Action item =>
Could you copy every line in the listing below that has the word "where"?

# # #

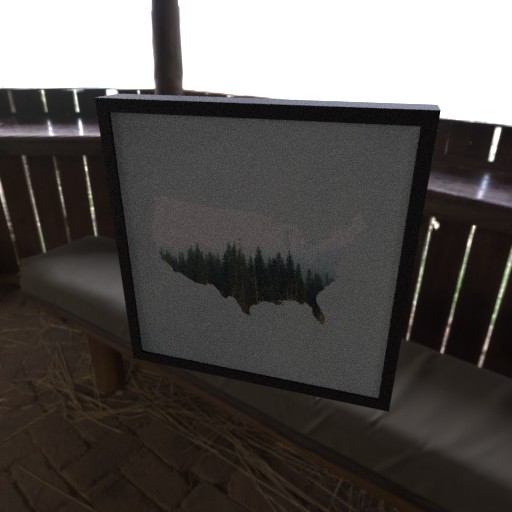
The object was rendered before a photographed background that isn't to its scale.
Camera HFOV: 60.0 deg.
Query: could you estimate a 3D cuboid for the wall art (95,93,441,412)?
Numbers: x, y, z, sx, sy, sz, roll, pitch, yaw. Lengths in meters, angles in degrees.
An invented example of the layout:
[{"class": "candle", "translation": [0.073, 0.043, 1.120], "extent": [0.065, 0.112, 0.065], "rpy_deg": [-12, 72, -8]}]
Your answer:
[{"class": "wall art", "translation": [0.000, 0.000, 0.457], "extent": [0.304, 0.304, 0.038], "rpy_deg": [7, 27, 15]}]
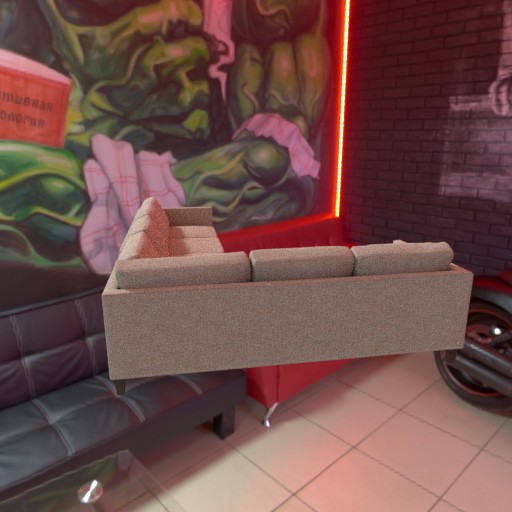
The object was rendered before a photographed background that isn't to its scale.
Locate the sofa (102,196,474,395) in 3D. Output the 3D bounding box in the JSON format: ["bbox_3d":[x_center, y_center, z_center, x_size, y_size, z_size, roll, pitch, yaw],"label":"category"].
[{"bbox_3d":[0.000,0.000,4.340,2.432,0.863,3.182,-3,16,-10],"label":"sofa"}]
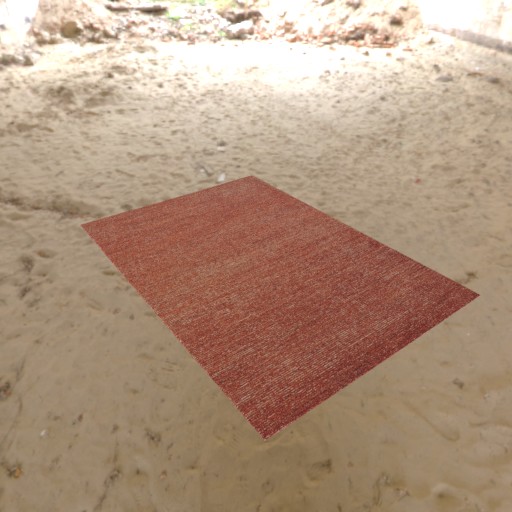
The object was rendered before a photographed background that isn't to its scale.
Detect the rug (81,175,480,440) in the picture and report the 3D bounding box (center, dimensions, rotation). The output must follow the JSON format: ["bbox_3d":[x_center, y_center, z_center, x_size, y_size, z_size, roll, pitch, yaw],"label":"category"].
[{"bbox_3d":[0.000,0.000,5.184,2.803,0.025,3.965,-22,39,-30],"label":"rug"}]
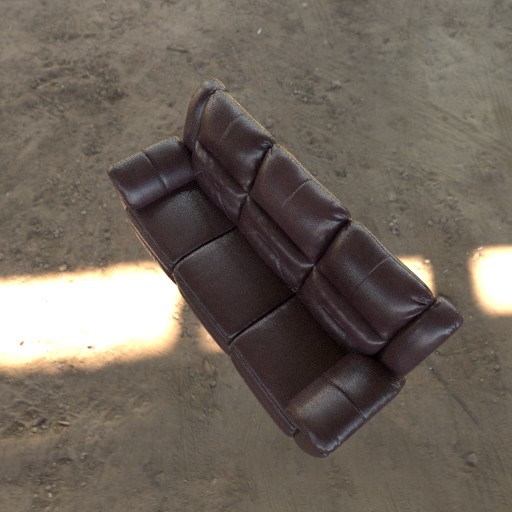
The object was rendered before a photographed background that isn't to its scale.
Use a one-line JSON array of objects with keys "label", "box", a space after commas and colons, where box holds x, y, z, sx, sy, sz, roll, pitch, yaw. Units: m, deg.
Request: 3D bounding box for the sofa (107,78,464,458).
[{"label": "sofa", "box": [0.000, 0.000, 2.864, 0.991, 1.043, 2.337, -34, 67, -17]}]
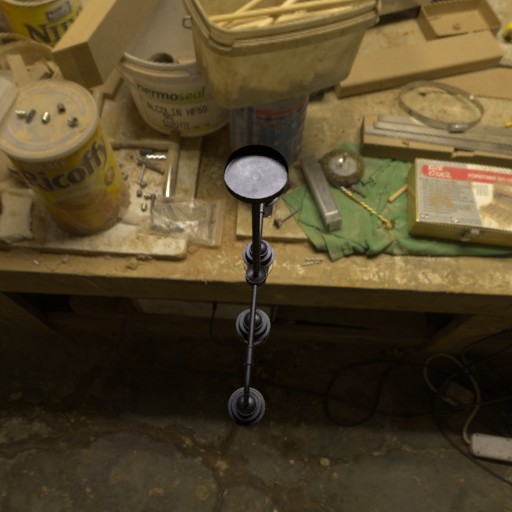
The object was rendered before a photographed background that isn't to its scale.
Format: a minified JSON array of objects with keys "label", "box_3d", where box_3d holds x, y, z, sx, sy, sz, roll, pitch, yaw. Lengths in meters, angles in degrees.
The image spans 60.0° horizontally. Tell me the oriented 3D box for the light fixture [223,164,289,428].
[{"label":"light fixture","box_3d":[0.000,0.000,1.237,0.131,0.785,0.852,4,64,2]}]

# # #

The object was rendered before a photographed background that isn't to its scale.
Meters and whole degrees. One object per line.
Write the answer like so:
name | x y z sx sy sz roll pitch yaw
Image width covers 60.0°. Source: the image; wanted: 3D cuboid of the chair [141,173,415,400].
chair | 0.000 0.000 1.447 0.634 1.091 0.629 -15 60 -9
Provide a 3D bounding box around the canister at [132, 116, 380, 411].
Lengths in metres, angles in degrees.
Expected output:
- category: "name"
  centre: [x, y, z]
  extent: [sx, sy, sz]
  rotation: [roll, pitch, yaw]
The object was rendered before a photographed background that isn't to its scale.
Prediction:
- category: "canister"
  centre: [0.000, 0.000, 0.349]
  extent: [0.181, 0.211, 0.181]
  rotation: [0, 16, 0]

# # #

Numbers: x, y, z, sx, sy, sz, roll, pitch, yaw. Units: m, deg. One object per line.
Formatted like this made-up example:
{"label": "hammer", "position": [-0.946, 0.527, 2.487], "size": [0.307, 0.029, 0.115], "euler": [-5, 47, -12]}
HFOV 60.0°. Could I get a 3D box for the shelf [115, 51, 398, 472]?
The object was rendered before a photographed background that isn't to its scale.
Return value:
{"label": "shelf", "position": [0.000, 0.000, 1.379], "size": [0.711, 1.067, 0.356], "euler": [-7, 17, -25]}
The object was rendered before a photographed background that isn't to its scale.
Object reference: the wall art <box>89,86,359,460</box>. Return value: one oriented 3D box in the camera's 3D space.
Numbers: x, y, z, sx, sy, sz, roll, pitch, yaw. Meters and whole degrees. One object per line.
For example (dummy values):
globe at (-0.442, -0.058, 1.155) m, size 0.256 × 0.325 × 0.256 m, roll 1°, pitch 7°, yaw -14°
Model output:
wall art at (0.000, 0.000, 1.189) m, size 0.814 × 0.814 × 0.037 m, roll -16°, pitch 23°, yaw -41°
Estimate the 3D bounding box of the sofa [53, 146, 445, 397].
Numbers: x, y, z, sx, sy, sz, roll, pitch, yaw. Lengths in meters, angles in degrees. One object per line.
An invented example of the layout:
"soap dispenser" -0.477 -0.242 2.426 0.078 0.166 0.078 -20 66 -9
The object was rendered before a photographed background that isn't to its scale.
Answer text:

# # #

Answer =>
Use a one-line JSON array of objects with keys "label", "box", a space after commas and colons, where box holds x, y, z, sx, sy, sz, roll, pitch, yaw. Units: m, deg.
Format: a minified JSON array of objects with keys "label", "box_3d", where box_3d holds x, y, z, sx, sy, sz, roll, pitch, yaw. Lengths in meters, angles in degrees.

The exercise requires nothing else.